An image-free, exact copy of the records below is required.

* **Materials provided**:
--*--

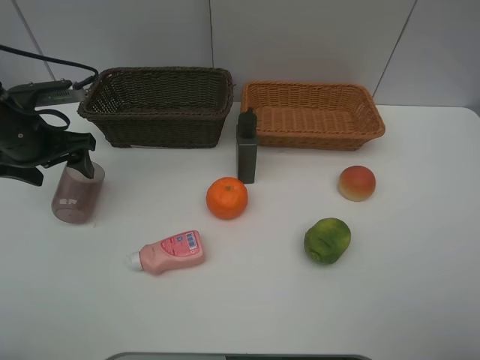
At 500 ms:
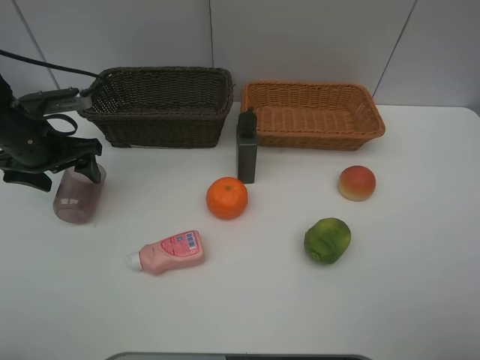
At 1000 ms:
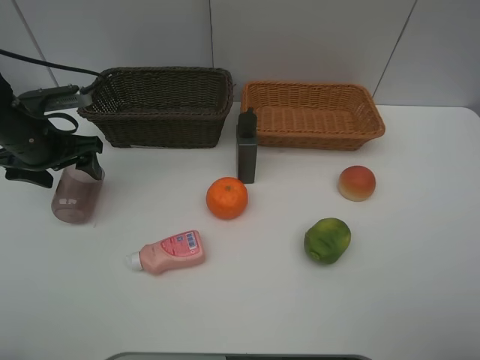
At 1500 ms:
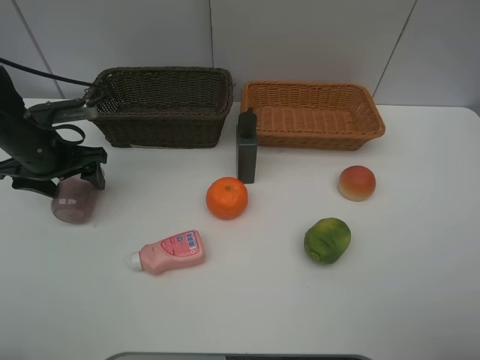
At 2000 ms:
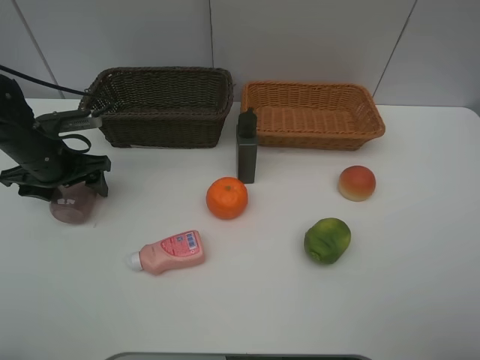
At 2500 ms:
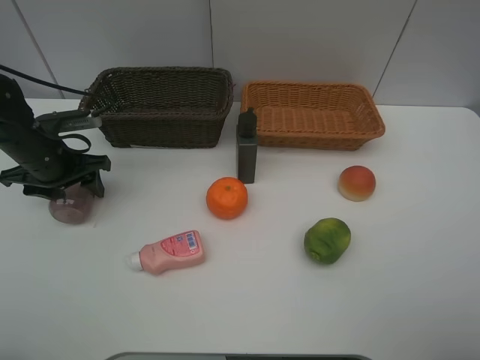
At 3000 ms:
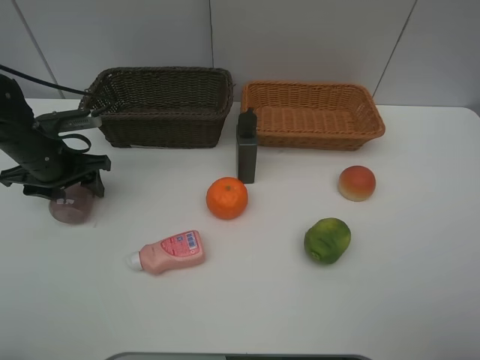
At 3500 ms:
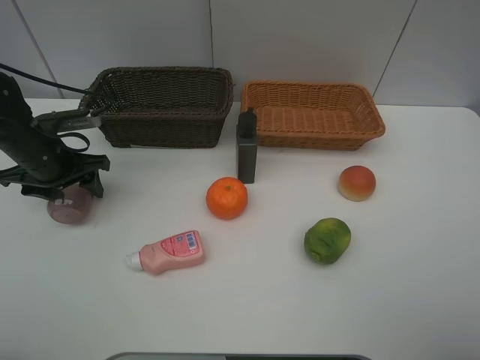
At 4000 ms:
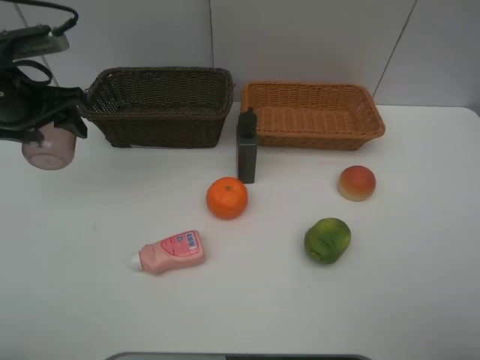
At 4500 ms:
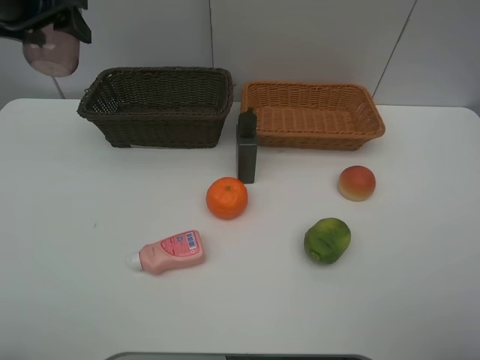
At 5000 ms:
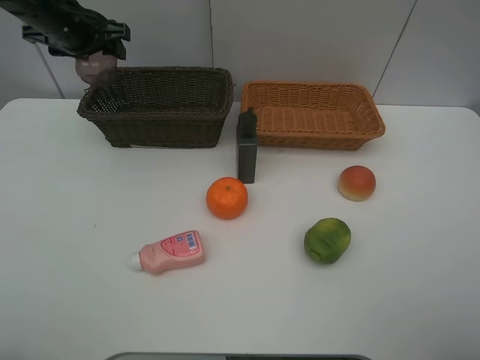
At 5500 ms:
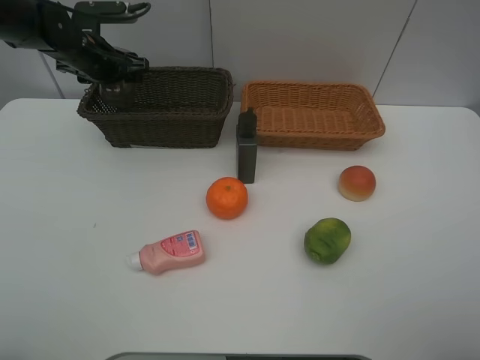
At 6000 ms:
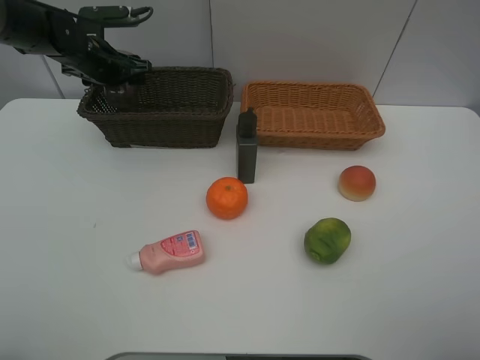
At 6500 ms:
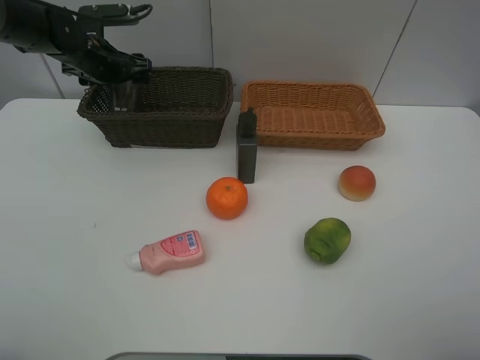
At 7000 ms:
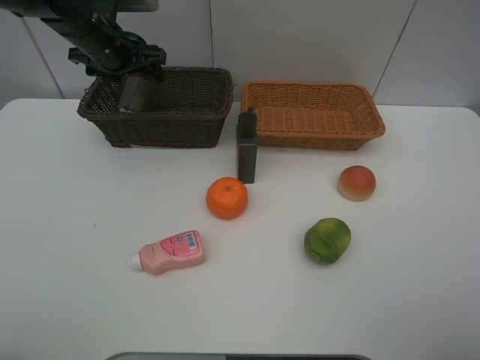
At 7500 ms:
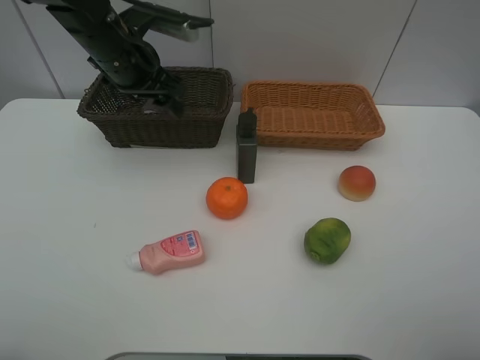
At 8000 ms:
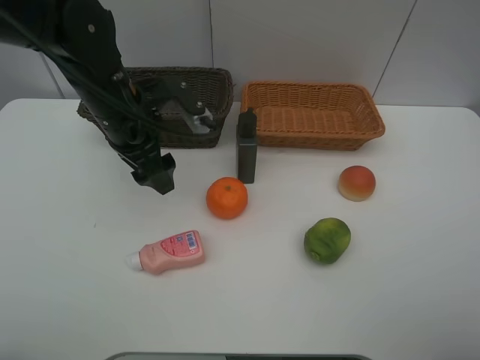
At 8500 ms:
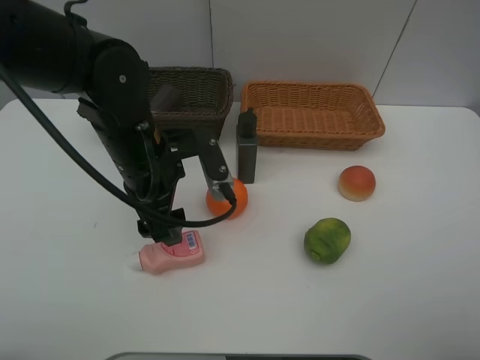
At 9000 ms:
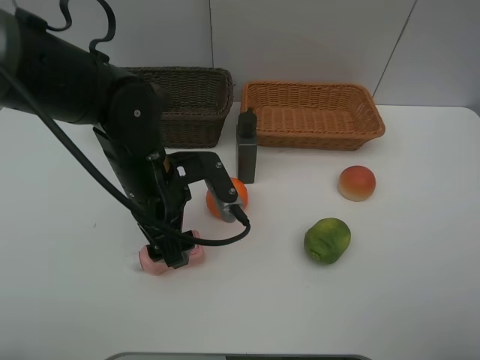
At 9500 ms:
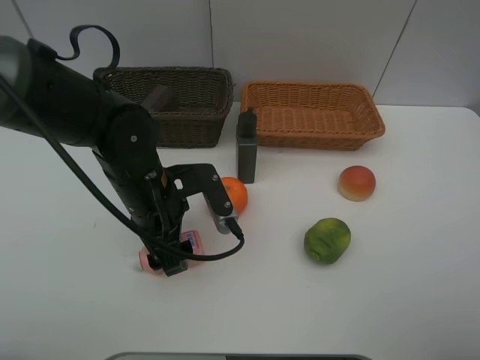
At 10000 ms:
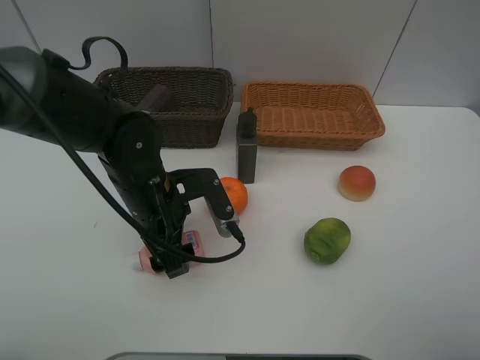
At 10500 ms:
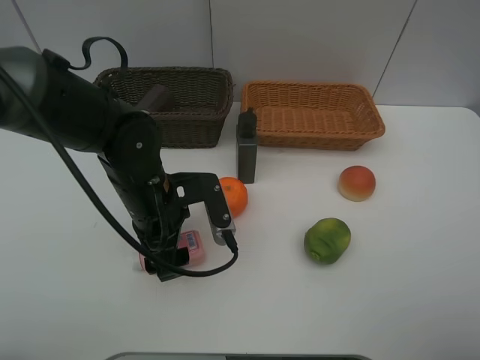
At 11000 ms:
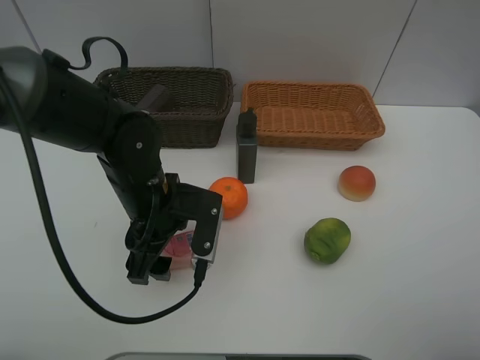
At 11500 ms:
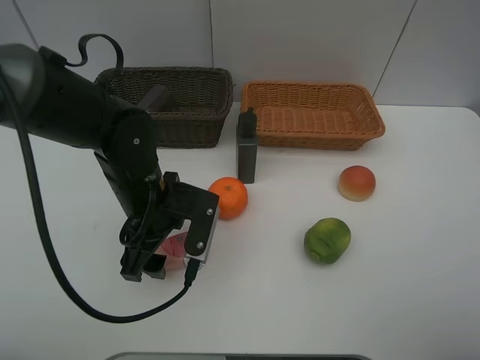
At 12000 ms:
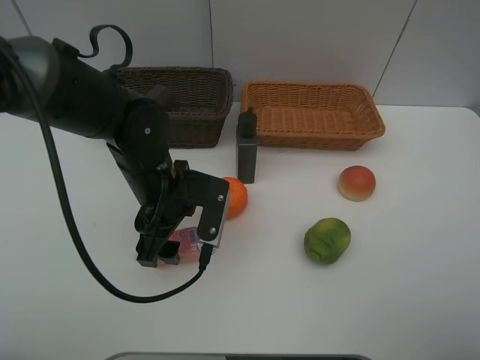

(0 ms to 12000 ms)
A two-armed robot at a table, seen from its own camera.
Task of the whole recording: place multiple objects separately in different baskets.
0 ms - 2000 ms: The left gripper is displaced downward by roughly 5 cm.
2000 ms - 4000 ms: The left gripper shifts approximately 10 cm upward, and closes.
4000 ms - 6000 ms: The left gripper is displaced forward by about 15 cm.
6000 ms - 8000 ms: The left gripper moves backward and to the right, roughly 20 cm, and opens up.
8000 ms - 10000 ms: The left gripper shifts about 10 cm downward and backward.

--*--

* **Response area**:
At 500 ms:
At 1000 ms:
At 1500 ms:
At 2000 ms:
At 2500 ms:
At 3000 ms:
At 3500 ms:
At 4000 ms:
At 4500 ms:
At 5000 ms:
At 5500 ms:
At 6000 ms:
At 6500 ms:
At 7000 ms:
At 7500 ms:
At 8000 ms:
At 8500 ms:
At 9000 ms:
At 9500 ms:
At 10000 ms:
At 10500 ms:
At 11000 ms:
At 11500 ms:
At 12000 ms:

(0 ms to 12000 ms)
A two-armed robot at a table, seen from its own camera.
Task of the whole recording: place multiple objects separately in different baskets.
0 ms - 2000 ms: The left gripper is displaced downward by roughly 5 cm.
2000 ms - 4000 ms: The left gripper shifts approximately 10 cm upward, and closes.
4000 ms - 6000 ms: The left gripper is displaced forward by about 15 cm.
6000 ms - 8000 ms: The left gripper moves backward and to the right, roughly 20 cm, and opens up.
8000 ms - 10000 ms: The left gripper shifts about 10 cm downward and backward.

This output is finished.